What needs to be done
Scan the records for the word "Numbers". Return each line where it is found.

(Records from a collection)
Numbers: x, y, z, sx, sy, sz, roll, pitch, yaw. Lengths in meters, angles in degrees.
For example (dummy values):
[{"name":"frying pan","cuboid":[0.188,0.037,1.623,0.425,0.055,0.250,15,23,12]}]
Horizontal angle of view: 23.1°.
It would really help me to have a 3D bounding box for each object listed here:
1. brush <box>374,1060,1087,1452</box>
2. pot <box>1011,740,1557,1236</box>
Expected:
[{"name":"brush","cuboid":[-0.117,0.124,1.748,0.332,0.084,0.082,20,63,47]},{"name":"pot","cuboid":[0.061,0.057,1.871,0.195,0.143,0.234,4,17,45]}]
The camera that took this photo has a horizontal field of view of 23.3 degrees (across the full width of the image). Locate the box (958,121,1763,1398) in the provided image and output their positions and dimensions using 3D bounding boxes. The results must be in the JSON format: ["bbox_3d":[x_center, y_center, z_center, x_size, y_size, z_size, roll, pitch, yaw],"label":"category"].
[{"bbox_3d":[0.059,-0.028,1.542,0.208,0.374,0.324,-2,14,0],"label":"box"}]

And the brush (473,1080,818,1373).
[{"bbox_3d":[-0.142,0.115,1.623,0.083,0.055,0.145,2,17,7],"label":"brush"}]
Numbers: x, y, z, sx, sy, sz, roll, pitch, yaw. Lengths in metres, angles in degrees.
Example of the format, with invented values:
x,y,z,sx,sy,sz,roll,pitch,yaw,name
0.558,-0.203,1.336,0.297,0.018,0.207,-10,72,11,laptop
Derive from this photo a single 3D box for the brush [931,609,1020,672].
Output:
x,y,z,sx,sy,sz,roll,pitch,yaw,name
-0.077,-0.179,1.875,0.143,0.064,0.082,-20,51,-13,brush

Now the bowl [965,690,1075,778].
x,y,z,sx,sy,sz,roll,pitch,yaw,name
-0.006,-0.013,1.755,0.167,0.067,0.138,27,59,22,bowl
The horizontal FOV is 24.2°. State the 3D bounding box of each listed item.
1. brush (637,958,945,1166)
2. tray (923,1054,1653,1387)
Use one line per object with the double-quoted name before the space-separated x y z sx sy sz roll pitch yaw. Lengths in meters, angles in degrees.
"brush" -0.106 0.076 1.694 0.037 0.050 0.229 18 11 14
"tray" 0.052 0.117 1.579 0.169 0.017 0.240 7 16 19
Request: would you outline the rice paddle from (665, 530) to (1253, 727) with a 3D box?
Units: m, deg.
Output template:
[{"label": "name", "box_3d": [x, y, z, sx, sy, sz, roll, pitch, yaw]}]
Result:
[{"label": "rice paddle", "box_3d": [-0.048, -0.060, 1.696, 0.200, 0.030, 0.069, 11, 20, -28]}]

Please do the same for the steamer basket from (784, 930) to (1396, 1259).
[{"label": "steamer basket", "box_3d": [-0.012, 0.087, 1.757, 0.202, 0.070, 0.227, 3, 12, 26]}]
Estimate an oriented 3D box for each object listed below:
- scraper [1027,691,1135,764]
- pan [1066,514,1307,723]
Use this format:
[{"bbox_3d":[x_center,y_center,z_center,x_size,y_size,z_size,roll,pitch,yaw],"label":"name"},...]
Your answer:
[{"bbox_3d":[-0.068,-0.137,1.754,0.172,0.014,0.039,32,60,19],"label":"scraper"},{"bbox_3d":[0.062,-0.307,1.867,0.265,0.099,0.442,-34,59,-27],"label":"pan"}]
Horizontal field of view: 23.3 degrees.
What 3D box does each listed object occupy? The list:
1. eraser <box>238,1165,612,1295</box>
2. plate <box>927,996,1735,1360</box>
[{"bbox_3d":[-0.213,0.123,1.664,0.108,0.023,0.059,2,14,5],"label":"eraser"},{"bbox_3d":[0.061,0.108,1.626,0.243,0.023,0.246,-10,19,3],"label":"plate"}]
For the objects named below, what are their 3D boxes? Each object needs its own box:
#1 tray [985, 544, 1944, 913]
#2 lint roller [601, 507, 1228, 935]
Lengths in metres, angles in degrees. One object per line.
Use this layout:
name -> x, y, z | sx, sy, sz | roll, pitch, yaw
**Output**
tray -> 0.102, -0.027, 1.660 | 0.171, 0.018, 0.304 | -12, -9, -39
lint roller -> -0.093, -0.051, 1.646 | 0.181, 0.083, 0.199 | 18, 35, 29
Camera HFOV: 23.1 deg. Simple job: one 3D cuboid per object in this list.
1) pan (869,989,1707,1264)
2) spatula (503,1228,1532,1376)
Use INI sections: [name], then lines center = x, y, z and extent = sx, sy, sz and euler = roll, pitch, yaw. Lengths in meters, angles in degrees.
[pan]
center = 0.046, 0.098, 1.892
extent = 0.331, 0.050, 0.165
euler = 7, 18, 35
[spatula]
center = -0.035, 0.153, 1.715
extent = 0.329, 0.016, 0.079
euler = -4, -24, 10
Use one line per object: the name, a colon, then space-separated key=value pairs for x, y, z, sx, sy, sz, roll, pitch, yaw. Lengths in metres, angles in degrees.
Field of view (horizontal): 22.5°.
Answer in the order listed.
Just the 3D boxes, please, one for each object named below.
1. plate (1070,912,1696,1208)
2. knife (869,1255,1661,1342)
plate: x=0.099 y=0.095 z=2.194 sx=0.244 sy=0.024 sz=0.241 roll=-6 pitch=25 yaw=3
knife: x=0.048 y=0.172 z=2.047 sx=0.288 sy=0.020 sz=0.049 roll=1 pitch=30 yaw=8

Solution for this task
Numbers: x, y, z, sx, sy, sz, roll, pitch, yaw. Lengths in meters, angles in degrees.
Numbers: x, y, z, sx, sy, sz, roll, pitch, yaw. Lengths in metres, angles in degrees.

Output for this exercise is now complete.